M and I just moved, to a tiny little house with a barn-looking shack in the yard that I have converted to a studio (see past few entries for photos). Now that this is done, I feel full of pent-up potential, and I hope I can actually make something happen in there...
Until then, I have been indulging my nesting urges by reading lots of “shelter blogs” and meditating on our possessions and new space. During grad school, I was very invested in ideas about homemaking, interior design, and other domestic arts. Not only did these ideas inform my art practice, but they also were important to me personally, shaping my outlook on life and method of making my way in the world. I read a lot of scholarly and not-so-scholarly books and articles about this topic, everything from Gaston Bachelard’s The Poetics of Space, to Witold Rybczynski’s Home to design books put out byMartha Stewart, Sunset, and Better Homes and Gardens.

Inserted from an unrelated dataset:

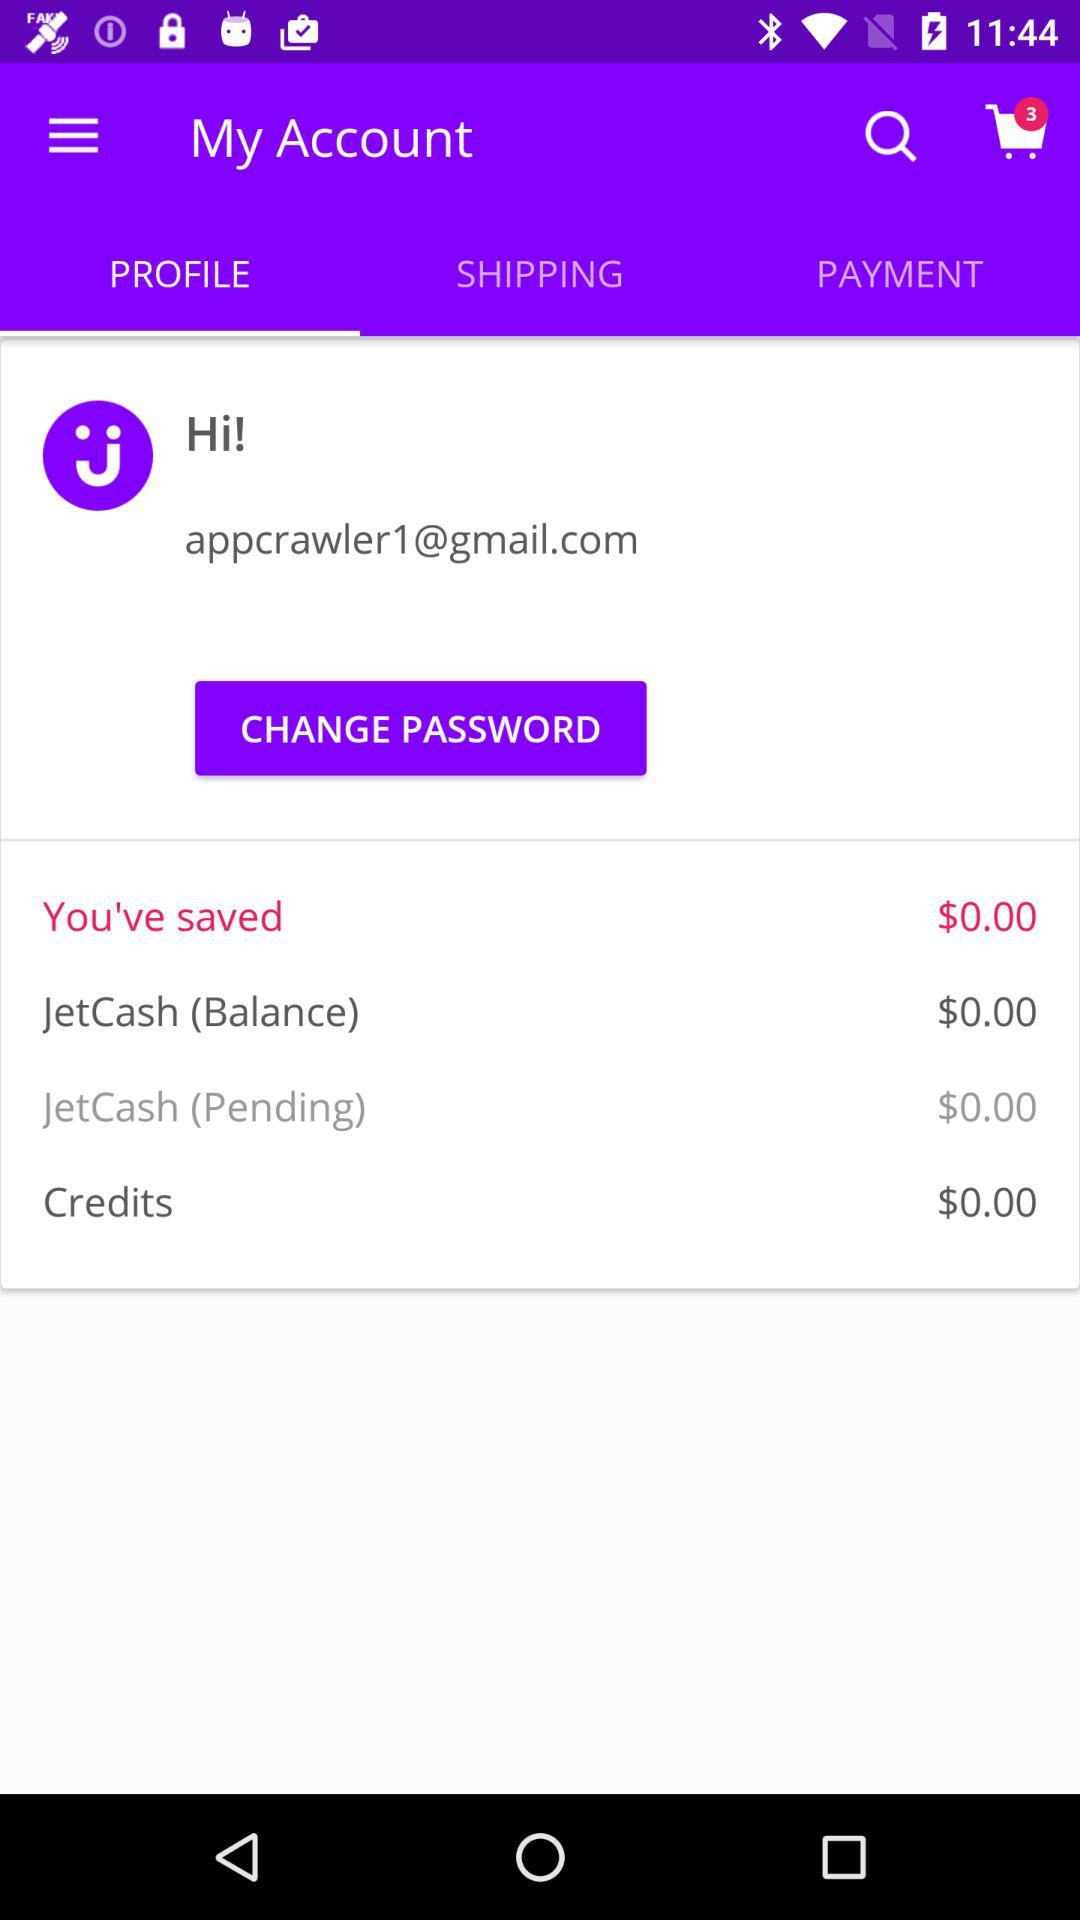What is the selected tab? The selected tab is "PROFILE".

But lately, maybe since I moved out here to LA, I have lost touch with that facet of my inspiration. Even though I very carefully thought out the arrangement of our old apartment and placement of things within it, I never felt truly at home there. I cooked and wiped and vacuumed and watered, but I did not felt invested in that nest. And at the same time, those ideas seemed to fade out of my work, in favor of using art as way to investigate and record this new landscape I was experiencing.
So now that I am re-investigating home-making, I wonder what effect this will have on my art, especially since my studio will be next to our house. Will I become reinvigorated with these ideas or remain in this floating landscape world I have working in for the past few months?